Однако, сказалъ Токаревъ, распоясавшись на кашу, однако свѣтъ на трехъ китахъ стоитъ.
А киты тѣ на чемъ покоятся? спросилъ Дрягаловъ.
Киты на чемъ — подхватилъ Токаревъ — киты на водѣ, на морѣ–окiанѣ.
Да, на морѣ! А морѣ–то на чемъ? чай берега есть!
Море на чемъ, сказалъ Токаревъ, и заткнулъ ротъ ложкой крутой каши, и сталъ въ тупикъ.

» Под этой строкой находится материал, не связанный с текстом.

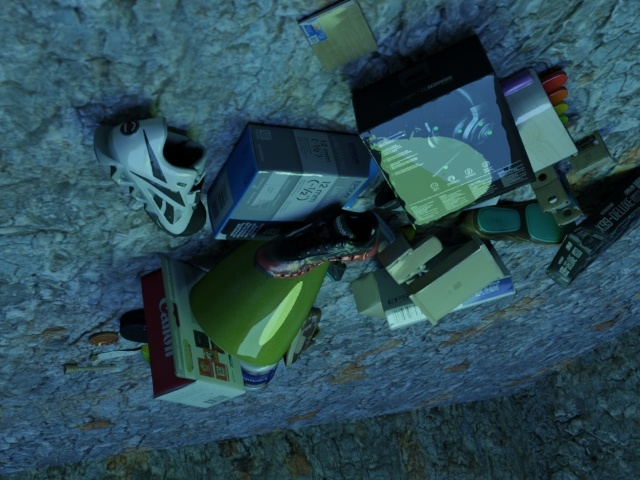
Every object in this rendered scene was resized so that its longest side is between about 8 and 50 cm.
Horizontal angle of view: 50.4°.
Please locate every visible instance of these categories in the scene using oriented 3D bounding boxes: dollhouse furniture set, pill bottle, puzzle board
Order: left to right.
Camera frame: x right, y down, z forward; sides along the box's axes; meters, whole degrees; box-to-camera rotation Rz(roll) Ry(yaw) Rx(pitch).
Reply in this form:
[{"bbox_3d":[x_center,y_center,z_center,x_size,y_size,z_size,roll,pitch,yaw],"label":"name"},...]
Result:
[{"bbox_3d":[-0.212,0.388,2.198,0.153,0.153,0.265,-7,153,-14],"label":"pill bottle"},{"bbox_3d":[0.030,-0.326,1.081,0.096,0.011,0.128,-20,153,14],"label":"puzzle board"},{"bbox_3d":[0.230,-0.012,1.584,0.198,0.303,0.286,-37,132,6],"label":"dollhouse furniture set"},{"bbox_3d":[0.608,-0.140,1.607,0.183,0.129,0.129,-29,150,27],"label":"dollhouse furniture set"}]

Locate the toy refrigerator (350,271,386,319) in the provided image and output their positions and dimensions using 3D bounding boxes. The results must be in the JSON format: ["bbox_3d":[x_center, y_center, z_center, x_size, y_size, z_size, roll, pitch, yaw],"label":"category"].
[{"bbox_3d":[0.212,0.180,2.065,0.094,0.102,0.269,-32,150,31],"label":"toy refrigerator"}]

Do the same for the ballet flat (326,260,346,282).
[{"bbox_3d":[0.011,0.043,1.743,0.074,0.074,0.203,-24,146,18],"label":"ballet flat"}]

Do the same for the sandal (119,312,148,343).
[{"bbox_3d":[-0.333,0.236,1.921,0.445,0.107,0.167,11,147,-19],"label":"sandal"}]

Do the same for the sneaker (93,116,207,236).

Склянкинъ подмигнулъ Ермилу и сказалъ: Вотъ вишь ты и проврался; не съ проста же говорится, что враньемъ свѣтъ пройдешь, да назадъ не воротишься. Видалъ я и окiанъ–море, видалъ и китовъ.
Видалъ? спросилъ Токаревъ, — тѣхъ самыхъ, на которыхъ земля лежитъ?

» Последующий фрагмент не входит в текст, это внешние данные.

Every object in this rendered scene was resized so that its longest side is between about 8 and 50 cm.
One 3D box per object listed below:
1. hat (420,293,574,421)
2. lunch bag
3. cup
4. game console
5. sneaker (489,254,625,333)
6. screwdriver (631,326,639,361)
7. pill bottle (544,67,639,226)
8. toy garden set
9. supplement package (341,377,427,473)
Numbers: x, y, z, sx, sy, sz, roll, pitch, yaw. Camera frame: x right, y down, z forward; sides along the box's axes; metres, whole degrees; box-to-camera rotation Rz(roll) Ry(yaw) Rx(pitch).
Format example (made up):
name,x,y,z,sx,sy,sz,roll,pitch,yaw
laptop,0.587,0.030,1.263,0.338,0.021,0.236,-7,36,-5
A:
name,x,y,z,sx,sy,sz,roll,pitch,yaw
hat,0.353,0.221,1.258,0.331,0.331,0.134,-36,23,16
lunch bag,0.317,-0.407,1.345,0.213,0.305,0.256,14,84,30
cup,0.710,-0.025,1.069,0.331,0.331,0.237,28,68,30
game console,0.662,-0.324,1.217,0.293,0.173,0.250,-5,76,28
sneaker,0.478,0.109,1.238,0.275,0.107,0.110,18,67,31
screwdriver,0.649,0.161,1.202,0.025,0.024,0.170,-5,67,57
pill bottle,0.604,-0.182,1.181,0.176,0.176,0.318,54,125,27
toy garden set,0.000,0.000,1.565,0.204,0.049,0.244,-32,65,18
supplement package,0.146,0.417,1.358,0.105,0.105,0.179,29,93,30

Ты знай свое, отвѣчалъ Склянкинъ; тебѣ говорятъ, что бабьи сказки.
Ну вотъ, подхватилъ Токаревъ; да вѣдь, сказываютъ, отъ того порою и земля дрожитъ, коли китъ уставши на другой бокъ оборачивается.
Эка притча! Такъ вѣдь китамъ–то надо море, а море, слышь, не безъ береговъ живетъ; а берегъ то земля — вотъ мы съ тобой и на словахъ обошли кругомъ, и пришли туда, откуда вышли: на чемъ же эта земля стоитъ?
На невидимой рукѣ Божьей, отвѣчалъ Токаревъ.
Такъ чѣмъ путать китовъ, да подъ ними опять воду и землю, ты и скажи прямо, какъ дѣло есть: что земля наша, и съ китами, и съ морями, кругла какъ шаръ и стоитъ на невидимой рукѣ Божьей. Это дѣло. Нѣтъ, братцы, великъ китъ–рыба, это правда, да великъ потому только, что всѣ рыбы и звѣри меньше его, а все ему не подъ силу на себѣ землю носить. Онъ и весь–то будетъ сажень въ пятнадцать, много что въ двадцать; это что–ровно пылинка супротивъ всей земли; эту прибаутку придумали старухи на печи.
Ладно, ладно, обозвалась съ печи бабушка Ермила, ѣшь пирогъ съ грибами, а языкъ держи за зубами; у васъ всему старухи виноваты — смотрите, сами состарѣетесь!
Ребята всѣ разсмѣялись. Бабушка здравствуй! сказалъ Склянкинъ, поднявъ стаканъ браги: сто лѣтъ да двадцать, да малыхъ пятнадцать, да со днемъ годъ, да слаще меду въ ротъ!